In the case of clinical trials, especially multi-center clinical trials, institutional issues and structural issues in science in general are likely to be less important than individual factors. In addition, with a few exceptions such as the Fiddes case and the Snyder−Peugeot case noted in the introduction, direct financial gain does not appear to be a major motivating factor. One intriguing suggestion is that physician-scientists simply may be less rigorous than other scientists in their approach to clinical trials:

“It is our sense, primarily experiential and impressionistic in nature, that honesty in research work as a fundamental rule is valued more strongly among scientists than among physicians… Physicians tend to evaluate research in terms of harm or benefit to patients rather than in terms of adherence to the rigorous norms of scientific investigation” [58].
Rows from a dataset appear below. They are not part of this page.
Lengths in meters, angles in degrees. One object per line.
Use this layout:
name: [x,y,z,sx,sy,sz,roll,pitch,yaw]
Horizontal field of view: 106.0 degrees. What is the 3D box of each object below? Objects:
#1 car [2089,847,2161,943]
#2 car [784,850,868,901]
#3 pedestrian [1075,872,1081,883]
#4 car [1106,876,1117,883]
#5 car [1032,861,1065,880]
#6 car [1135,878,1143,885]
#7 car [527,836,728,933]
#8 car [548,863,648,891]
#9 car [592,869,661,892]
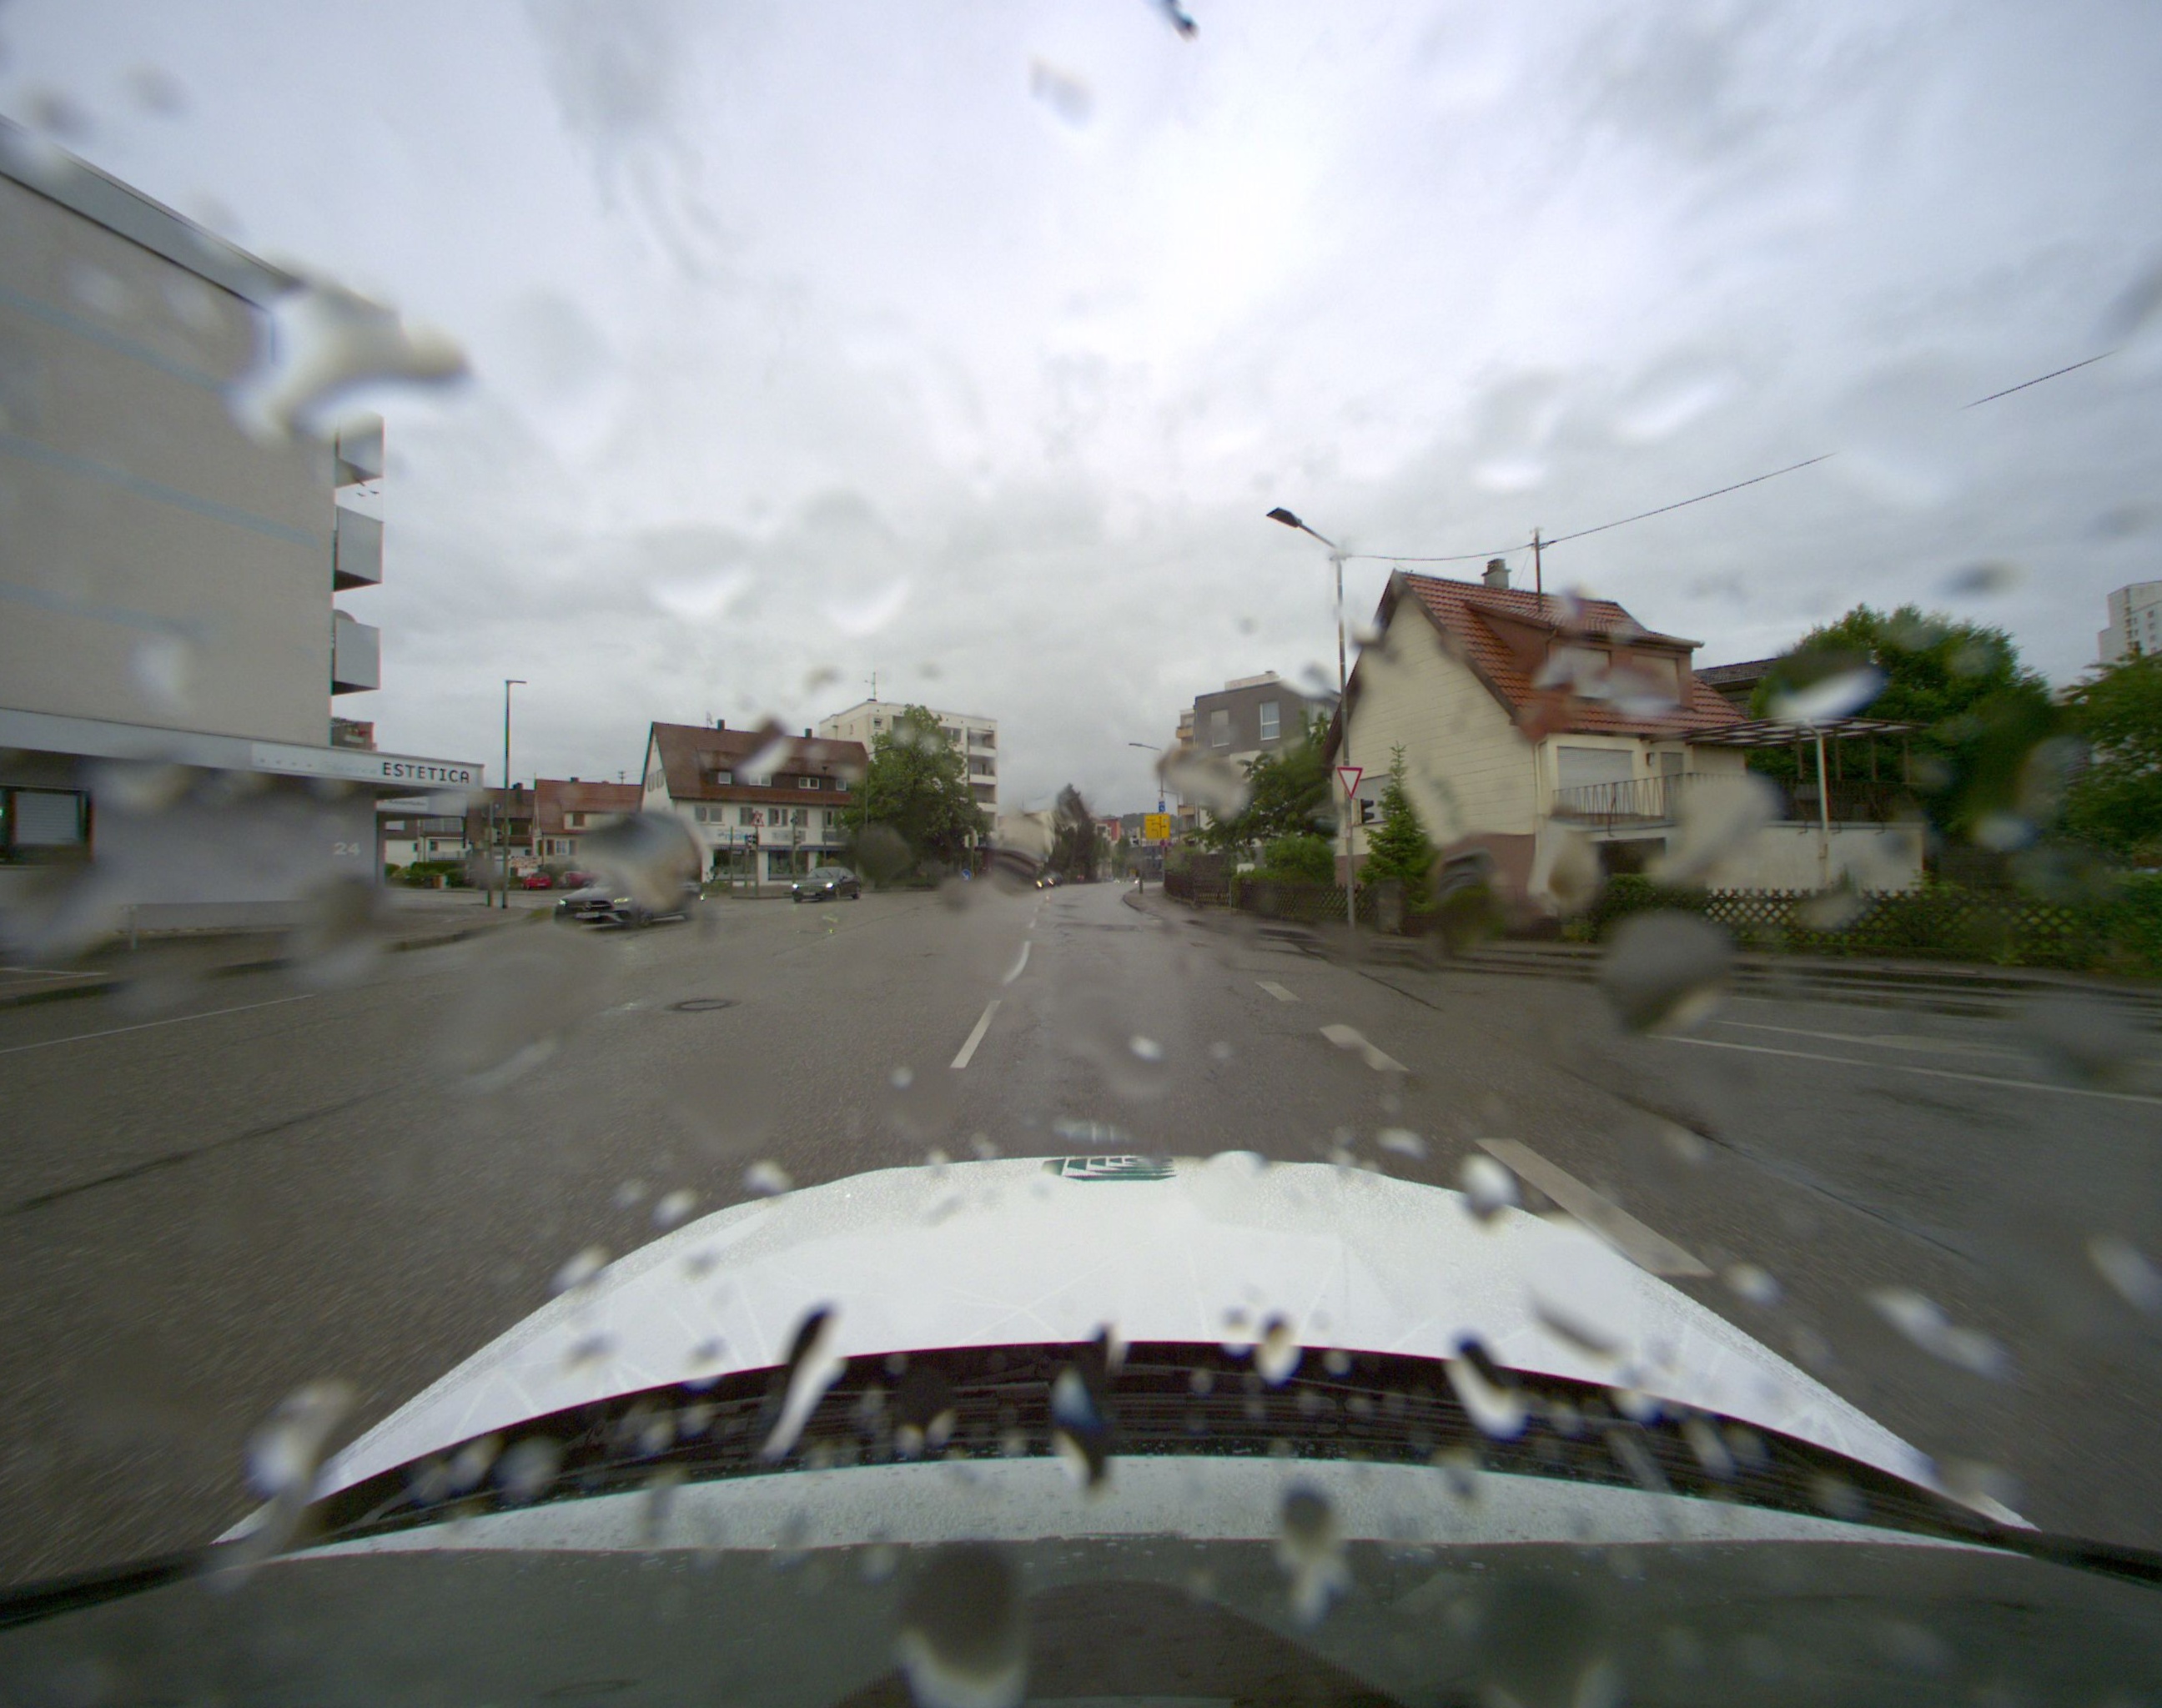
car: [18.848,0.624,13.654,1.827,1.496,3.765,-2,-1,42]
car: [-10.848,0.891,35.074,1.986,2.014,4.654,-1,-1,2]
pedestrian: [-0.515,3.817,131.980,0.866,1.607,1.103,-1,-3,1]
car: [6.458,5.477,173.757,1.641,1.521,4.336,-1,-2,10]
car: [-2.679,1.392,68.705,1.791,1.557,4.331,-1,-1,11]
car: [13.836,6.662,195.365,1.689,1.409,4.006,-4,-1,5]
car: [-11.300,0.707,20.973,2.086,2.013,5.971,-3,-1,-4]
car: [-34.566,1.616,58.371,5.884,1.842,1.976,0,-1,-43]
car: [-31.894,1.859,57.157,4.017,1.526,1.978,0,-1,-36]

Years after this speculation was published, some support for this view was inadvertently supplied by Poisson in his explanation of why he falsified eligibility data on NSABP trials:

“I believed I understood the reasons behind the study rules, and I felt that the rules were meant to be understood as guidelines and not necessarily followed blindly. My sole concern at all times was the health of my patients. I firmly believed that a patient who was able to enter into an NSABP trial received the best therapy and follow-up treatment… Maintaining the proper balance between good clinical care and rigid research methods is not an easy task” [59].

In addition to the usual suggestions for preventing misconduct implied by consideration of the various factors involved (training in the ethics of research, improved mentoring, increased supervision, etc.), none of which have been proven to be effective, statistical procedures may also play a role. In particular, central statistical monitoring, an effective tool for detecting data fraud in clinical trials as part of a general data quality assurance program, may also function as a deterrent to committing such fraud in the first place for trials in which such monitoring is known to be in place [1, 60, 61]. Such procedures should be applied more commonly in multi-center clinical trials.

Summary

Despite the large and growing literature on the prevalence, causes and prevention of research misconduct in science in general and in clinical trials in particular, reliable empirical evidence to support the discussion remains in short supply. This situation exists in part because of the difficulties in definitions and in part because of the difficulties in designing and conducting studies in this area. However, the available evidence taken as a whole suggests that the most serious forms of misconduct, fabrication and falsification, are relatively rare, albeit perhaps higher than assumed by most scientists, whereas other questionable research practices are quite common. In addition, most discussions of the causal factors in misconduct are not based on reliable empirical evidence. Thus, prevention measures which are based on assumptions about causal factors are also liable to be misguided. More rigorous studies of the prevalence, causal factors and potential prevention strategies for research misconduct are needed.